Finally, as with 7.1-channel surround audio, the browser needs to support Opus in MP4 for playback, since we convert all ambisonic tracks to that format. To provide audio on unsupported browsers, we downmix the ambisonic track to 0th-order by eliminating the directional channels and leaving only the omnidirectional information. Then we encode it as a mono track, which makes it possible for affected users to watch a 360° video without the directional audio information.

For more details on playback requirements for Vimeo 360, see our Help Center.

An AVIF update

We’ve made some updates to images recently to enhance quality and performance when serving AVIF. The magnitude of these improvements depends on the properties of the source image, but overall this means more consistent and lower encoding times, as well as better detail preservation across the board.

In our initial benchmarks, encoding time was the main downside of AVIF compared to legacy image formats. Some of the added latency associated with it is offset by lower load times attributed to the superior compression efficiency, and the large majority of images in a typical browsing session are served directly from the CDN cache, rendering image processing time irrelevant, so we considered it to be a reasonable tradeoff.
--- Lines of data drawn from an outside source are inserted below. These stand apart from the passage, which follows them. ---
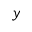<formula> <loc_0><loc_0><loc_500><loc_500>y</formula> 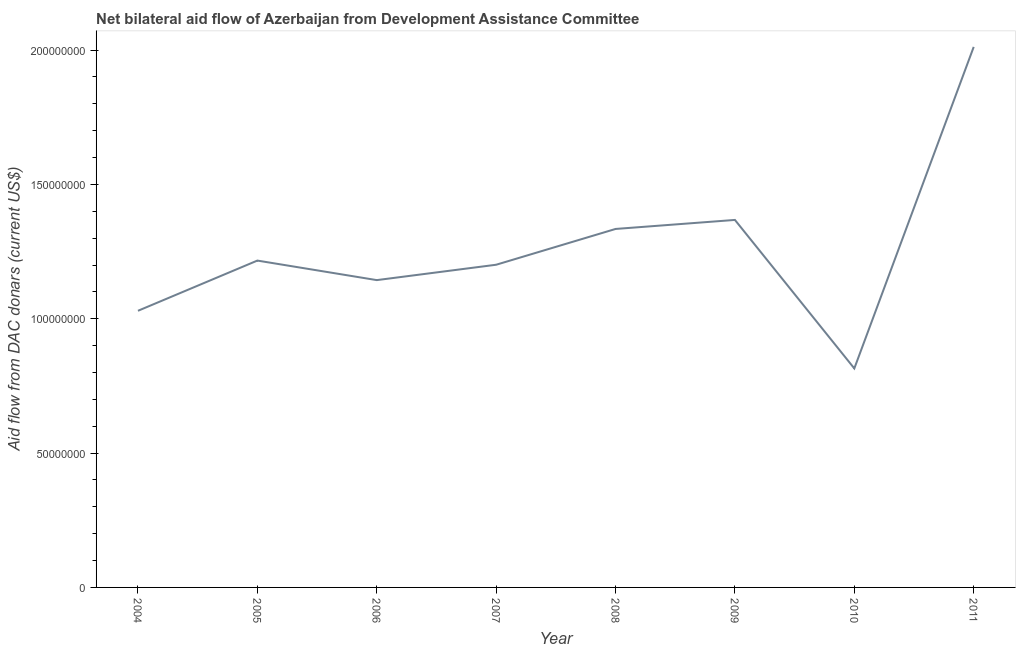What is the net bilateral aid flows from dac donors in 2005?
Offer a very short reply. 1.22e+08. Across all years, what is the maximum net bilateral aid flows from dac donors?
Provide a short and direct response. 2.01e+08. Across all years, what is the minimum net bilateral aid flows from dac donors?
Give a very brief answer. 8.15e+07. In which year was the net bilateral aid flows from dac donors maximum?
Provide a short and direct response. 2011. What is the sum of the net bilateral aid flows from dac donors?
Your response must be concise. 1.01e+09. What is the difference between the net bilateral aid flows from dac donors in 2007 and 2011?
Ensure brevity in your answer.  -8.11e+07. What is the average net bilateral aid flows from dac donors per year?
Offer a very short reply. 1.26e+08. What is the median net bilateral aid flows from dac donors?
Offer a very short reply. 1.21e+08. What is the ratio of the net bilateral aid flows from dac donors in 2004 to that in 2009?
Offer a terse response. 0.75. Is the difference between the net bilateral aid flows from dac donors in 2006 and 2007 greater than the difference between any two years?
Keep it short and to the point. No. What is the difference between the highest and the second highest net bilateral aid flows from dac donors?
Your response must be concise. 6.44e+07. Is the sum of the net bilateral aid flows from dac donors in 2009 and 2010 greater than the maximum net bilateral aid flows from dac donors across all years?
Give a very brief answer. Yes. What is the difference between the highest and the lowest net bilateral aid flows from dac donors?
Ensure brevity in your answer.  1.20e+08. In how many years, is the net bilateral aid flows from dac donors greater than the average net bilateral aid flows from dac donors taken over all years?
Your answer should be compact. 3. How many lines are there?
Your answer should be very brief. 1. How many years are there in the graph?
Give a very brief answer. 8. What is the difference between two consecutive major ticks on the Y-axis?
Your response must be concise. 5.00e+07. What is the title of the graph?
Offer a very short reply. Net bilateral aid flow of Azerbaijan from Development Assistance Committee. What is the label or title of the Y-axis?
Your response must be concise. Aid flow from DAC donars (current US$). What is the Aid flow from DAC donars (current US$) of 2004?
Your response must be concise. 1.03e+08. What is the Aid flow from DAC donars (current US$) of 2005?
Offer a very short reply. 1.22e+08. What is the Aid flow from DAC donars (current US$) of 2006?
Your answer should be very brief. 1.14e+08. What is the Aid flow from DAC donars (current US$) in 2007?
Ensure brevity in your answer.  1.20e+08. What is the Aid flow from DAC donars (current US$) of 2008?
Keep it short and to the point. 1.33e+08. What is the Aid flow from DAC donars (current US$) in 2009?
Give a very brief answer. 1.37e+08. What is the Aid flow from DAC donars (current US$) of 2010?
Provide a succinct answer. 8.15e+07. What is the Aid flow from DAC donars (current US$) in 2011?
Provide a succinct answer. 2.01e+08. What is the difference between the Aid flow from DAC donars (current US$) in 2004 and 2005?
Provide a short and direct response. -1.87e+07. What is the difference between the Aid flow from DAC donars (current US$) in 2004 and 2006?
Your answer should be compact. -1.14e+07. What is the difference between the Aid flow from DAC donars (current US$) in 2004 and 2007?
Ensure brevity in your answer.  -1.71e+07. What is the difference between the Aid flow from DAC donars (current US$) in 2004 and 2008?
Keep it short and to the point. -3.05e+07. What is the difference between the Aid flow from DAC donars (current US$) in 2004 and 2009?
Ensure brevity in your answer.  -3.38e+07. What is the difference between the Aid flow from DAC donars (current US$) in 2004 and 2010?
Offer a terse response. 2.15e+07. What is the difference between the Aid flow from DAC donars (current US$) in 2004 and 2011?
Keep it short and to the point. -9.82e+07. What is the difference between the Aid flow from DAC donars (current US$) in 2005 and 2006?
Give a very brief answer. 7.27e+06. What is the difference between the Aid flow from DAC donars (current US$) in 2005 and 2007?
Make the answer very short. 1.55e+06. What is the difference between the Aid flow from DAC donars (current US$) in 2005 and 2008?
Your response must be concise. -1.18e+07. What is the difference between the Aid flow from DAC donars (current US$) in 2005 and 2009?
Your response must be concise. -1.51e+07. What is the difference between the Aid flow from DAC donars (current US$) in 2005 and 2010?
Your answer should be compact. 4.02e+07. What is the difference between the Aid flow from DAC donars (current US$) in 2005 and 2011?
Keep it short and to the point. -7.95e+07. What is the difference between the Aid flow from DAC donars (current US$) in 2006 and 2007?
Provide a short and direct response. -5.72e+06. What is the difference between the Aid flow from DAC donars (current US$) in 2006 and 2008?
Make the answer very short. -1.90e+07. What is the difference between the Aid flow from DAC donars (current US$) in 2006 and 2009?
Your response must be concise. -2.24e+07. What is the difference between the Aid flow from DAC donars (current US$) in 2006 and 2010?
Offer a very short reply. 3.29e+07. What is the difference between the Aid flow from DAC donars (current US$) in 2006 and 2011?
Ensure brevity in your answer.  -8.68e+07. What is the difference between the Aid flow from DAC donars (current US$) in 2007 and 2008?
Your answer should be very brief. -1.33e+07. What is the difference between the Aid flow from DAC donars (current US$) in 2007 and 2009?
Keep it short and to the point. -1.67e+07. What is the difference between the Aid flow from DAC donars (current US$) in 2007 and 2010?
Ensure brevity in your answer.  3.86e+07. What is the difference between the Aid flow from DAC donars (current US$) in 2007 and 2011?
Make the answer very short. -8.11e+07. What is the difference between the Aid flow from DAC donars (current US$) in 2008 and 2009?
Give a very brief answer. -3.36e+06. What is the difference between the Aid flow from DAC donars (current US$) in 2008 and 2010?
Provide a short and direct response. 5.19e+07. What is the difference between the Aid flow from DAC donars (current US$) in 2008 and 2011?
Offer a very short reply. -6.78e+07. What is the difference between the Aid flow from DAC donars (current US$) in 2009 and 2010?
Your answer should be compact. 5.53e+07. What is the difference between the Aid flow from DAC donars (current US$) in 2009 and 2011?
Ensure brevity in your answer.  -6.44e+07. What is the difference between the Aid flow from DAC donars (current US$) in 2010 and 2011?
Your response must be concise. -1.20e+08. What is the ratio of the Aid flow from DAC donars (current US$) in 2004 to that in 2005?
Ensure brevity in your answer.  0.85. What is the ratio of the Aid flow from DAC donars (current US$) in 2004 to that in 2007?
Make the answer very short. 0.86. What is the ratio of the Aid flow from DAC donars (current US$) in 2004 to that in 2008?
Keep it short and to the point. 0.77. What is the ratio of the Aid flow from DAC donars (current US$) in 2004 to that in 2009?
Keep it short and to the point. 0.75. What is the ratio of the Aid flow from DAC donars (current US$) in 2004 to that in 2010?
Offer a terse response. 1.26. What is the ratio of the Aid flow from DAC donars (current US$) in 2004 to that in 2011?
Provide a short and direct response. 0.51. What is the ratio of the Aid flow from DAC donars (current US$) in 2005 to that in 2006?
Ensure brevity in your answer.  1.06. What is the ratio of the Aid flow from DAC donars (current US$) in 2005 to that in 2008?
Offer a very short reply. 0.91. What is the ratio of the Aid flow from DAC donars (current US$) in 2005 to that in 2009?
Keep it short and to the point. 0.89. What is the ratio of the Aid flow from DAC donars (current US$) in 2005 to that in 2010?
Make the answer very short. 1.49. What is the ratio of the Aid flow from DAC donars (current US$) in 2005 to that in 2011?
Provide a short and direct response. 0.6. What is the ratio of the Aid flow from DAC donars (current US$) in 2006 to that in 2007?
Provide a short and direct response. 0.95. What is the ratio of the Aid flow from DAC donars (current US$) in 2006 to that in 2008?
Your answer should be very brief. 0.86. What is the ratio of the Aid flow from DAC donars (current US$) in 2006 to that in 2009?
Ensure brevity in your answer.  0.84. What is the ratio of the Aid flow from DAC donars (current US$) in 2006 to that in 2010?
Make the answer very short. 1.4. What is the ratio of the Aid flow from DAC donars (current US$) in 2006 to that in 2011?
Offer a terse response. 0.57. What is the ratio of the Aid flow from DAC donars (current US$) in 2007 to that in 2009?
Give a very brief answer. 0.88. What is the ratio of the Aid flow from DAC donars (current US$) in 2007 to that in 2010?
Make the answer very short. 1.47. What is the ratio of the Aid flow from DAC donars (current US$) in 2007 to that in 2011?
Your answer should be very brief. 0.6. What is the ratio of the Aid flow from DAC donars (current US$) in 2008 to that in 2010?
Provide a succinct answer. 1.64. What is the ratio of the Aid flow from DAC donars (current US$) in 2008 to that in 2011?
Offer a very short reply. 0.66. What is the ratio of the Aid flow from DAC donars (current US$) in 2009 to that in 2010?
Give a very brief answer. 1.68. What is the ratio of the Aid flow from DAC donars (current US$) in 2009 to that in 2011?
Provide a succinct answer. 0.68. What is the ratio of the Aid flow from DAC donars (current US$) in 2010 to that in 2011?
Give a very brief answer. 0.41.

However, there are corner cases where images are still encoded dynamically, so fetching a large image like a full-size 4K video thumbnail could still negatively influence load times.

As we’ve broadened our usage of dynamic image format selection, the amount and variety of AVIF content that we serve has also expanded, leading to higher peak load times for images. As we’re mindful of the need to keep performance reasonable across the Vimeo platform, we recently worked to lower the 99th-percentile response time for our image server, mainly by developing improved benchmarking tools and making our AVIF encodes smarter.

While our AVIF encoding stack (libavif backed by the libaom encoder) is capable of parallel processing via tile threading, there’s a limit to how well this strategy scales, due to both resource constraints and diminishing returns in encoder performance gains as the number of tiles increases. To combat this, we needed a way to evaluate tradeoffs between compression efficiency, encoding speed, and output image quality. To achieve this, we first developed new benchmarking tools to collect and visualize performance across those three metrics. This confirmed that while our AVIF encodes yielded lower file sizes and higher quality than other formats, response time was becoming an issue at higher resolutions. We then tweaked our encoding parameters iteratively to flatten that curve while ensuring that our AVIF outputs remain competitive with — as good or better as — JPEG and WebP in the other dimensions.

As a result, we’re now seeing AVIF scale better with resolution than other formats in many cases, with no degradation in quality! In addition, thanks to our benchmarking work and aided by performance improvements to our encoding stack in recent years, we were able to prioritize compression efficiency at lower resolutions, where response time is not as much of a concern, yielding even lower file sizes and better-looking thumbnails without sacrificing performance in a typical session.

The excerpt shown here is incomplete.